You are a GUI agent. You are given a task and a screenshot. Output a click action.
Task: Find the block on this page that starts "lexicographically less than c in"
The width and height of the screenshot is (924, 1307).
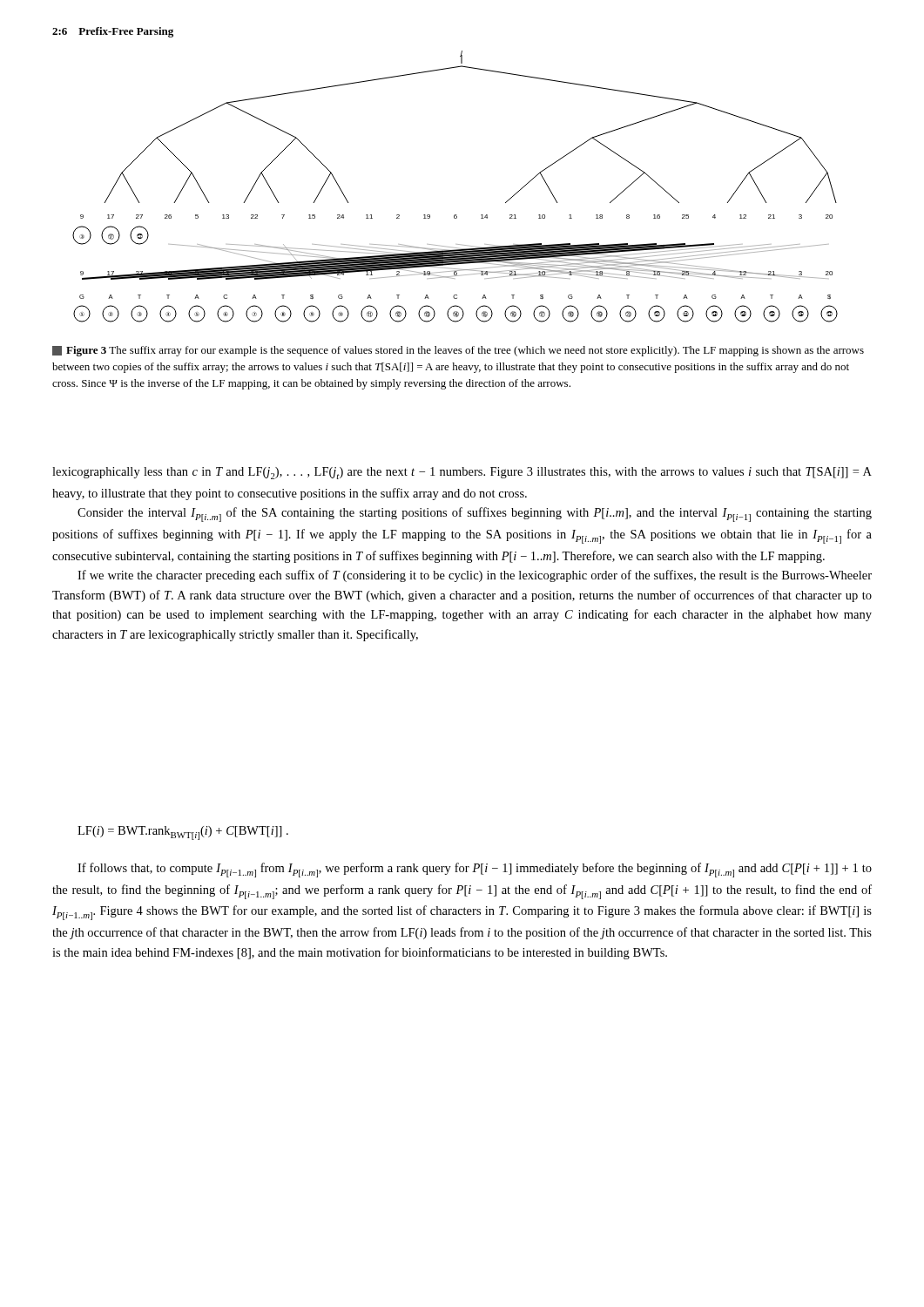(x=462, y=482)
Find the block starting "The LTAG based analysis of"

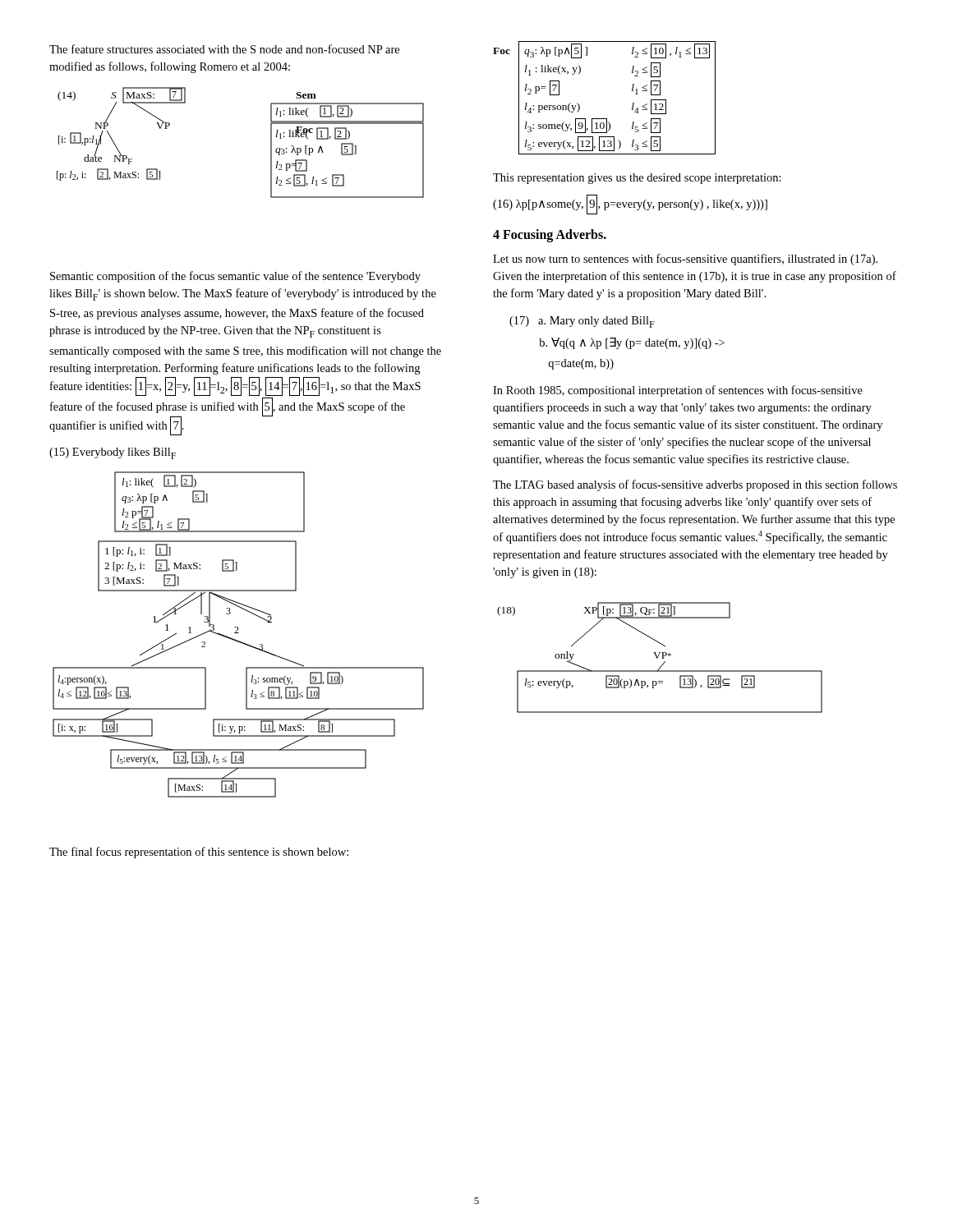(695, 528)
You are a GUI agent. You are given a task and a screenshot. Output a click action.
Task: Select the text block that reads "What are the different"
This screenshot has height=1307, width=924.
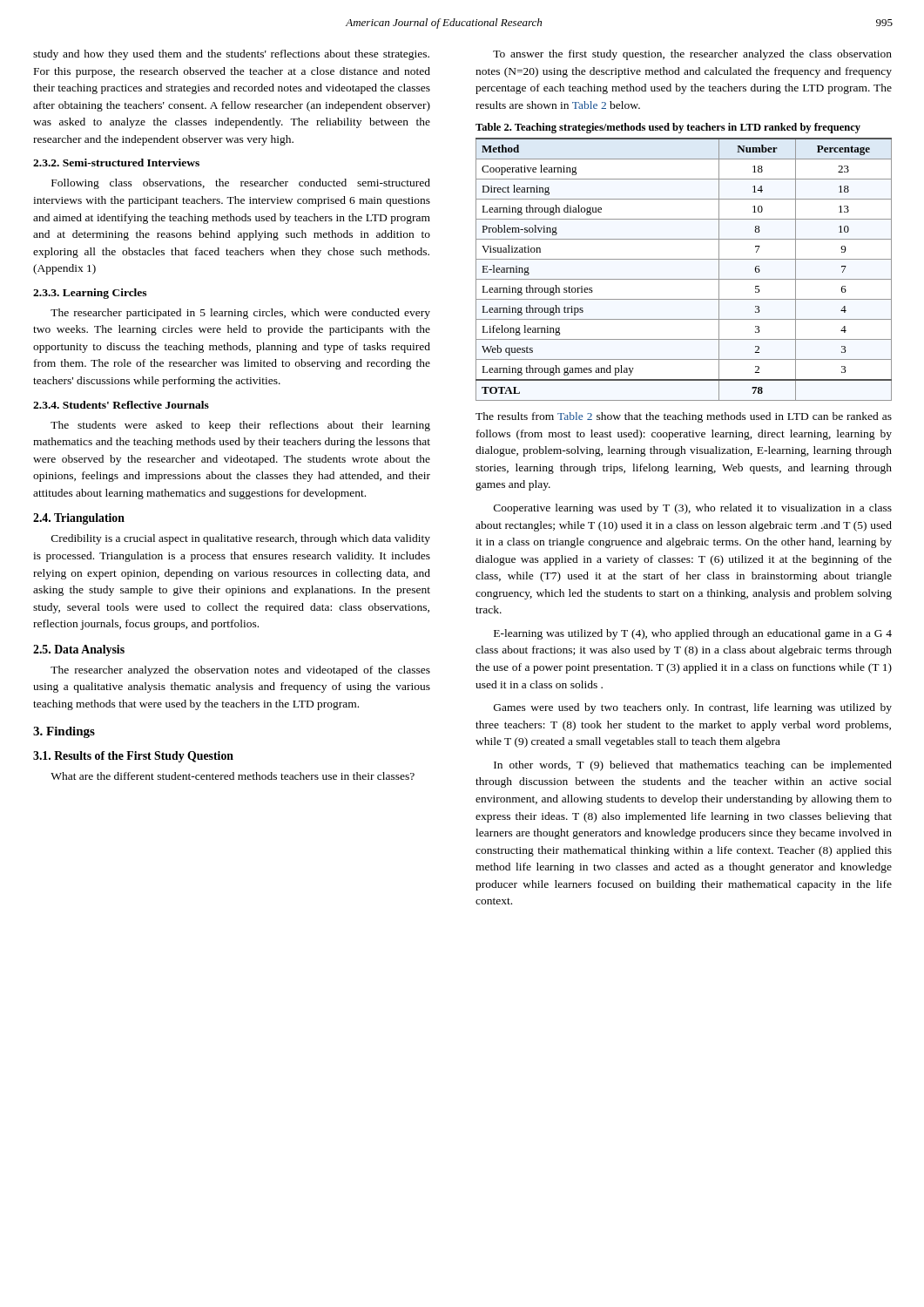(x=232, y=777)

**PROBLEM STATEMENT**
Give back exactly the lines from the line with "Task: Find the" through the end of the records, both included; keep all pictures out.

**FINISHED TASK**
Task: Find the block on this page that starts "lexicographically less than c in"
The width and height of the screenshot is (924, 1307).
(x=462, y=482)
Find the block starting "The LTAG based analysis of"

(695, 528)
You are a GUI agent. You are given a task and a screenshot. Output a click action.
Task: Select the text block that reads "What are the different"
This screenshot has height=1307, width=924.
(x=232, y=777)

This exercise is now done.